0
votes

we recently started developing an uber like app for iOS using Firebase Firestore and we need to store and constantly update the user's location on firebase and make it so that the other clients can retrieve it as well.

We are trying to store the user location in Users own document on firestore database, such like:

Collections > Users > "AutoGeneratedDocument" > UserLocation with two key values latitude and longitude.

We've made some progress with the code, it writes the location data when we explicitly input a document path to it but we still don't know how to run a query and find the user's own document.

In order to save the location data to the users own document we need to be able to get the auto generated user document path for the currently signed in user.

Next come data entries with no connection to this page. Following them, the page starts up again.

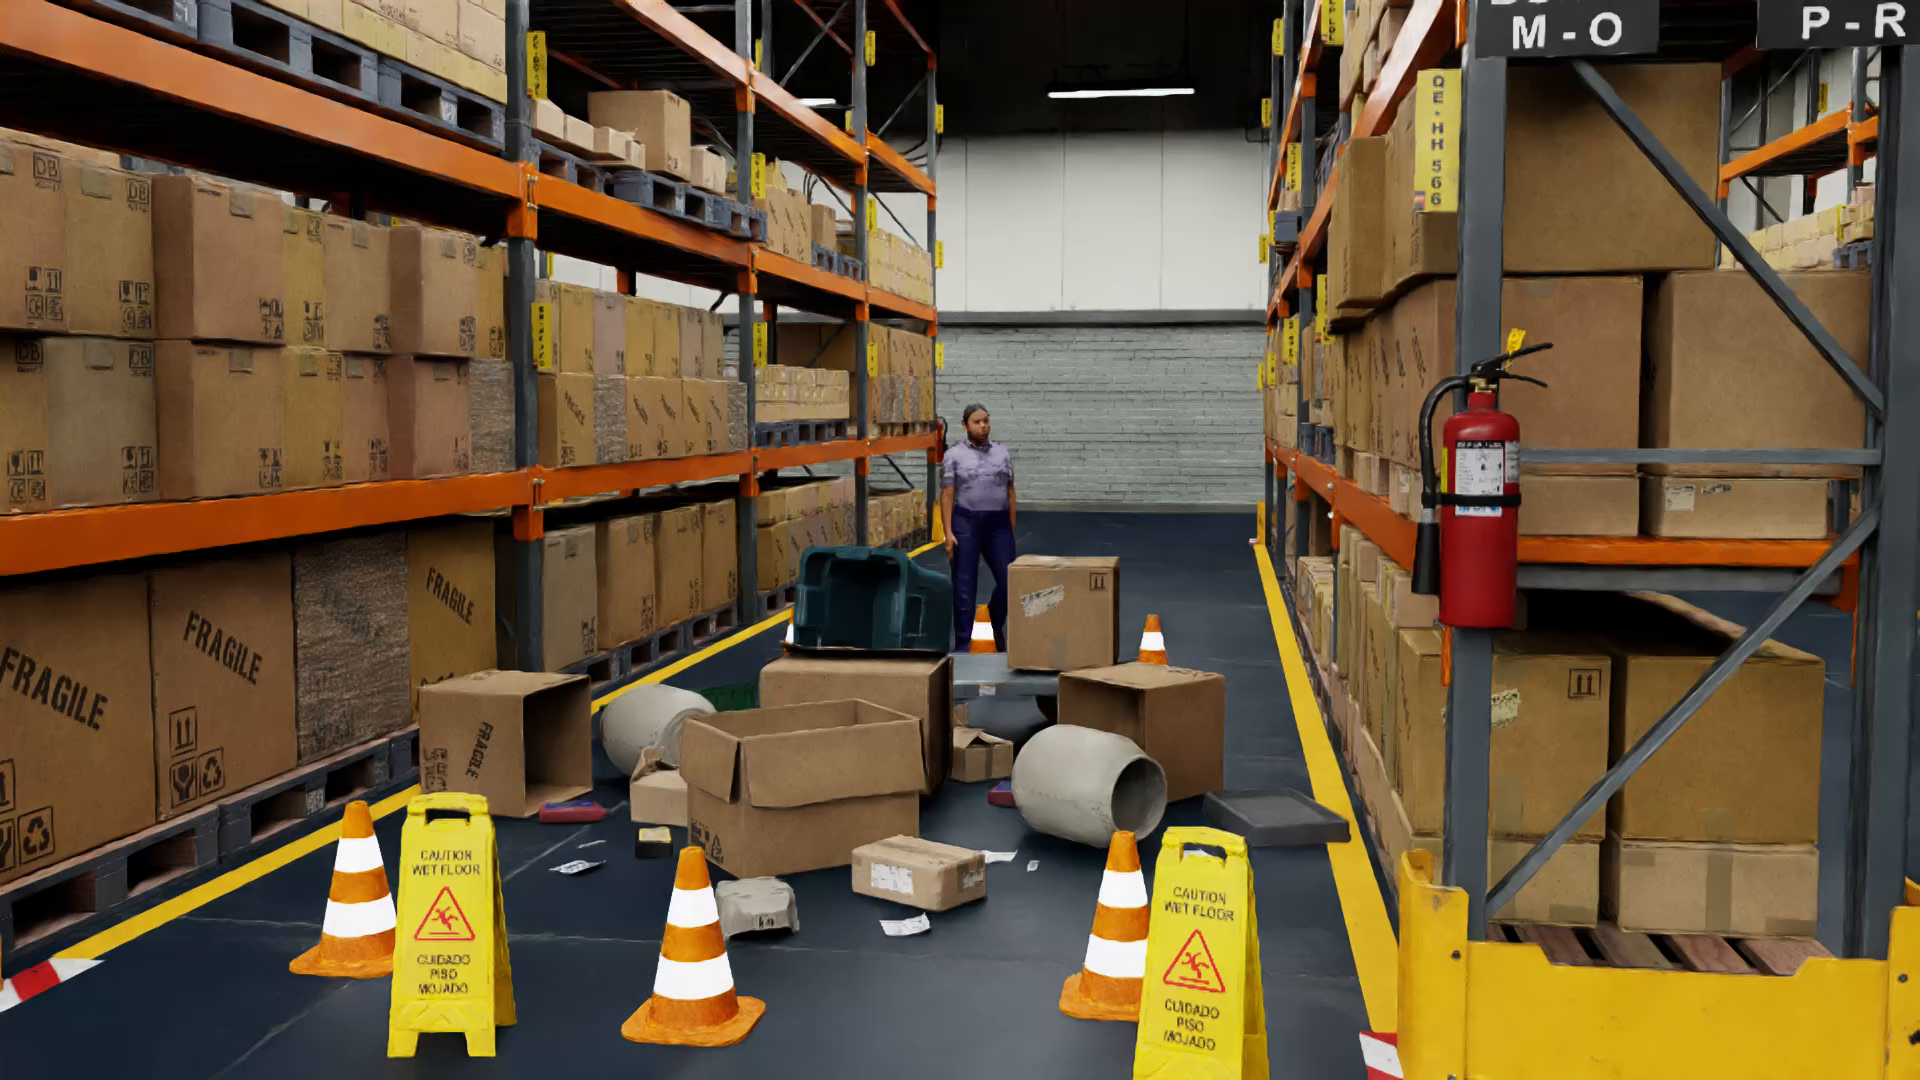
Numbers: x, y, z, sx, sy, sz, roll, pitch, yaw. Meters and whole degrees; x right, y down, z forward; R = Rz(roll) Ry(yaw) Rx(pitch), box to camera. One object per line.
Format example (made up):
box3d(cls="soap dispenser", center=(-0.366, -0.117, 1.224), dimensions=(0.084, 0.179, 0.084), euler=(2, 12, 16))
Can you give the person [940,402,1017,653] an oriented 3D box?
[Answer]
box3d(cls="person", center=(0.128, -0.040, 10.363), dimensions=(0.496, 1.630, 0.664), euler=(-1, 5, -16))

So far we've come up with this:

func updateUserLocation() {
    let db = Firestore.firestore()
    let locman = CLLocationManager()
    locman.requestWhenInUseAuthorization()
    var loc:CLLocation!
    if CLLocationManager.authorizationStatus() == .authorizedWhenInUse || CLLocationManager.authorizationStatus() == .authorizedAlways{
        loc = locman.location
    }
    let lat:Double = loc.coordinate.latitude
    let long:Double = loc.coordinate.longitude
    let geo = GeoPoint.init(latitude: lat, longitude: long)

    let currentUID = currentUserUID
    let val = db.collection("users").whereField("uid", isEqualTo: currentUserUID)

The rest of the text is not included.